Task brief
How many lines below hold "made"? Answer with only the number.

(Study material Opens)

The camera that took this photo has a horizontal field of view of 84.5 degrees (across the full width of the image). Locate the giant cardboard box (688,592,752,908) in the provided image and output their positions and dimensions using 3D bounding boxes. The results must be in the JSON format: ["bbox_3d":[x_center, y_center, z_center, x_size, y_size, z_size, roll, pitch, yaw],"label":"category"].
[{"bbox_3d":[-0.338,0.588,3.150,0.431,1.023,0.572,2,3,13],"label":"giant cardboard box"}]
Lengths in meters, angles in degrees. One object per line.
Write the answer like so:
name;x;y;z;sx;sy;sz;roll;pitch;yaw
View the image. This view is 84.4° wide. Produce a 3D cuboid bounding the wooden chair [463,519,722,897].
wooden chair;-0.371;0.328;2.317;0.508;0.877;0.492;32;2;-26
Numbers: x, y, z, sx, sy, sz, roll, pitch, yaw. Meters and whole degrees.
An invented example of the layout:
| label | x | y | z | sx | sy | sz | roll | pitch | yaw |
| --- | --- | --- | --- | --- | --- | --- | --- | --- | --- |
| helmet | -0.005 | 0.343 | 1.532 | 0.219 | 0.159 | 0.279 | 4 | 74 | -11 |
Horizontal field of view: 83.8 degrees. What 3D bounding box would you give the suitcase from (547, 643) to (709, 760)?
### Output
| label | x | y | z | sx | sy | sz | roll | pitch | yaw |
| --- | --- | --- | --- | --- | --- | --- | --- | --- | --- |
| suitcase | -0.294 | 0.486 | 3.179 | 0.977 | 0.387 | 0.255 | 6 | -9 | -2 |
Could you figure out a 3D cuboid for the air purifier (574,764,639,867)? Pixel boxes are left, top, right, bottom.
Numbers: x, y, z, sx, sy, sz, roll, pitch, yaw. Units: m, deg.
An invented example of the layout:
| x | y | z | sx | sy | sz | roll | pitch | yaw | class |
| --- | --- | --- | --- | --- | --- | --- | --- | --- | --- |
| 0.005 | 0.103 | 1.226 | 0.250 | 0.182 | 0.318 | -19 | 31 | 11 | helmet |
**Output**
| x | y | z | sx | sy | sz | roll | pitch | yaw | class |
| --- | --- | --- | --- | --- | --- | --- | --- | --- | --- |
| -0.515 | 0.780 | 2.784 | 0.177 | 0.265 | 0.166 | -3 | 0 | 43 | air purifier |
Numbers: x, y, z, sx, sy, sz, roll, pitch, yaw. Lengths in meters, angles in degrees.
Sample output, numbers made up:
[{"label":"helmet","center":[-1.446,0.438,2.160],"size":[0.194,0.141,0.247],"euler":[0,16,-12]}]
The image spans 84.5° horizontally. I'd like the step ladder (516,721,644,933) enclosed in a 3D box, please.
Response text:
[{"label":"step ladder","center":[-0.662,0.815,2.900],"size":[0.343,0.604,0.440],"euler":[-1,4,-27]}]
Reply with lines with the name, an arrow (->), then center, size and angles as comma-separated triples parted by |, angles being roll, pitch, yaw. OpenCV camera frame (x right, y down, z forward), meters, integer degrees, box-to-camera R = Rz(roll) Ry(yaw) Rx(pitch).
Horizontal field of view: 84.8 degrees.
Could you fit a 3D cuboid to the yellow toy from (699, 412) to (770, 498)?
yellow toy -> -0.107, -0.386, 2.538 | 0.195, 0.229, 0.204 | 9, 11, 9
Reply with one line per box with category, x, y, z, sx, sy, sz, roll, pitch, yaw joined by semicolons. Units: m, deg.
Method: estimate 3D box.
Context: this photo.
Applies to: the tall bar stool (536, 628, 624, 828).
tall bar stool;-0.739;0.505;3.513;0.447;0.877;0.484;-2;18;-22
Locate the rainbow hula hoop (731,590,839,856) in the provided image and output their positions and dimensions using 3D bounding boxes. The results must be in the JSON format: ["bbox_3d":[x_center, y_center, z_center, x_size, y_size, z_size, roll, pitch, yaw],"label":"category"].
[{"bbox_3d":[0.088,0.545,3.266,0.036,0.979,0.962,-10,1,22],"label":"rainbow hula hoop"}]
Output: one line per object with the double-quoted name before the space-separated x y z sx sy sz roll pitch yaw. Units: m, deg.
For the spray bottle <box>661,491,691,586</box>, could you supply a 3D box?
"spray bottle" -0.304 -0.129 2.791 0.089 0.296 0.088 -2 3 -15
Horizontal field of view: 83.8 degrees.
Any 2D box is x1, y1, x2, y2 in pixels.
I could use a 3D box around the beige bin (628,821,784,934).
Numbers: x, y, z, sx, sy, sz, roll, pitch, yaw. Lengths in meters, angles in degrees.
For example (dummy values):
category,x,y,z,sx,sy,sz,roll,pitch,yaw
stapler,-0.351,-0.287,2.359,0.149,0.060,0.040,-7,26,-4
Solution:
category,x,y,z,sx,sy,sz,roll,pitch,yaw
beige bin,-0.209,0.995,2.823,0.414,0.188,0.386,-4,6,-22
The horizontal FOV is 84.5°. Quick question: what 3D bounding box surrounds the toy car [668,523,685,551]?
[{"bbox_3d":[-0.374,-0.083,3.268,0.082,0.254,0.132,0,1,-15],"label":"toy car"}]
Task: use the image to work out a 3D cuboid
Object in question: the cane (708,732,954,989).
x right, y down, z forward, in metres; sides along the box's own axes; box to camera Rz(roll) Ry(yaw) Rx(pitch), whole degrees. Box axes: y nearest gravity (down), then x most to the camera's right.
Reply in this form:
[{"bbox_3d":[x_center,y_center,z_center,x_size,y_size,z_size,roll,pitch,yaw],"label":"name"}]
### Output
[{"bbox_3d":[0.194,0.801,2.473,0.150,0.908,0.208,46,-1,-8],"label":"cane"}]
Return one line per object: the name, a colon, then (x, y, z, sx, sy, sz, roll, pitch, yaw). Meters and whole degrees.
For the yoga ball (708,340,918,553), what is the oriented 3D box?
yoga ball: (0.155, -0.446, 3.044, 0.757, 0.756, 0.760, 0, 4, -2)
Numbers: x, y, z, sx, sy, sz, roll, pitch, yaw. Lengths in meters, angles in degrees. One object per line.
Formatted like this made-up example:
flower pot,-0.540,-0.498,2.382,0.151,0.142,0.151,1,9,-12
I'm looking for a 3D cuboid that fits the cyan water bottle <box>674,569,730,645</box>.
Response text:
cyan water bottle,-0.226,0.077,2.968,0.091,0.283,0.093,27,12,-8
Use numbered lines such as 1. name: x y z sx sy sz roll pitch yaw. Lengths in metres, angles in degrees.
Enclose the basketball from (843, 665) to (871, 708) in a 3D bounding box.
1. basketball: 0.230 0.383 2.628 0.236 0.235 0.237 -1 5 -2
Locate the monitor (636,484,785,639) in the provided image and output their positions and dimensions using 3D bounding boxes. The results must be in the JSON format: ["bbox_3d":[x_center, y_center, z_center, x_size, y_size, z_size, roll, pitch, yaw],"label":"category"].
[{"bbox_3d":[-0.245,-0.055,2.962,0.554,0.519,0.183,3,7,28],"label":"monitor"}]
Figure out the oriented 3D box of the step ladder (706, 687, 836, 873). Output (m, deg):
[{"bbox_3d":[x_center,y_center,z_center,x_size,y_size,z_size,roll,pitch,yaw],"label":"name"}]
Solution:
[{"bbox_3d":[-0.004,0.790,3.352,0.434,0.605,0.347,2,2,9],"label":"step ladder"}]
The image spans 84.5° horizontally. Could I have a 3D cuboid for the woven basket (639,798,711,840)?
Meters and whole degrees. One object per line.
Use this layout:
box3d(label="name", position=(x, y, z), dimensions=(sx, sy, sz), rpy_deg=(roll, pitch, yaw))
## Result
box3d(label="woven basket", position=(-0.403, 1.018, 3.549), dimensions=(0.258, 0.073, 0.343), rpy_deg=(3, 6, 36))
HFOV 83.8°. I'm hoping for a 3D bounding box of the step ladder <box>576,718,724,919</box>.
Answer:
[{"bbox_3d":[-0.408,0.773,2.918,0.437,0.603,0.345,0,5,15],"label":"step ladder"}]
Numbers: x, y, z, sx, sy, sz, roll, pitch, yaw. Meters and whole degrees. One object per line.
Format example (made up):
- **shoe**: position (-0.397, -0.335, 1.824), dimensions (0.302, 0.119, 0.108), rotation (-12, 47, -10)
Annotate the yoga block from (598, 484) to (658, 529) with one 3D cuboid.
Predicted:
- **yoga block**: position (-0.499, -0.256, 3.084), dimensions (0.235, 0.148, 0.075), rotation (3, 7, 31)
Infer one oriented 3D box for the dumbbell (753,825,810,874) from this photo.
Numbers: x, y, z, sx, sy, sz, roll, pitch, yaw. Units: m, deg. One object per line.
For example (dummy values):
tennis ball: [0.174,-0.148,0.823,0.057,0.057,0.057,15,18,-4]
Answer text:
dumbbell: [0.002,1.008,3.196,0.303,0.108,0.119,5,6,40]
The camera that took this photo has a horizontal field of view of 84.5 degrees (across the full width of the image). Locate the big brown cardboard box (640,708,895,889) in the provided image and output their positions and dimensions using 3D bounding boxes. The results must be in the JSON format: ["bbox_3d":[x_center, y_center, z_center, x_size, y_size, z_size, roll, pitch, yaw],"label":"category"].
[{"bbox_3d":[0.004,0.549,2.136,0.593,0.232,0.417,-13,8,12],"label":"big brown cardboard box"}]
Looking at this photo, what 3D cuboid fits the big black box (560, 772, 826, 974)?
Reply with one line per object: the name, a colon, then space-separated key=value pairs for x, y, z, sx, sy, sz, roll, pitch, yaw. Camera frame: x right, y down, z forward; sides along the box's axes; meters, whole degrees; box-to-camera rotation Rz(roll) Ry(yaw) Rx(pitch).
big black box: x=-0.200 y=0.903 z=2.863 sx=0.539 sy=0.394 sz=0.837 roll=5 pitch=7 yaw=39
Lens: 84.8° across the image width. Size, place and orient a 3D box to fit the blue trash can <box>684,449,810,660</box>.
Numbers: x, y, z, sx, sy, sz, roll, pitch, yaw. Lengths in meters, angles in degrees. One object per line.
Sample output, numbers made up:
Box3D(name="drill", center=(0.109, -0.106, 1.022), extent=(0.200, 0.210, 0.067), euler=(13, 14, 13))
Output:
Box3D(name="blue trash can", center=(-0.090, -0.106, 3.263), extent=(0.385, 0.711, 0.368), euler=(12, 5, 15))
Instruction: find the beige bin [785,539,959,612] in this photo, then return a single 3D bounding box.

(Study material Closes)

Solution
4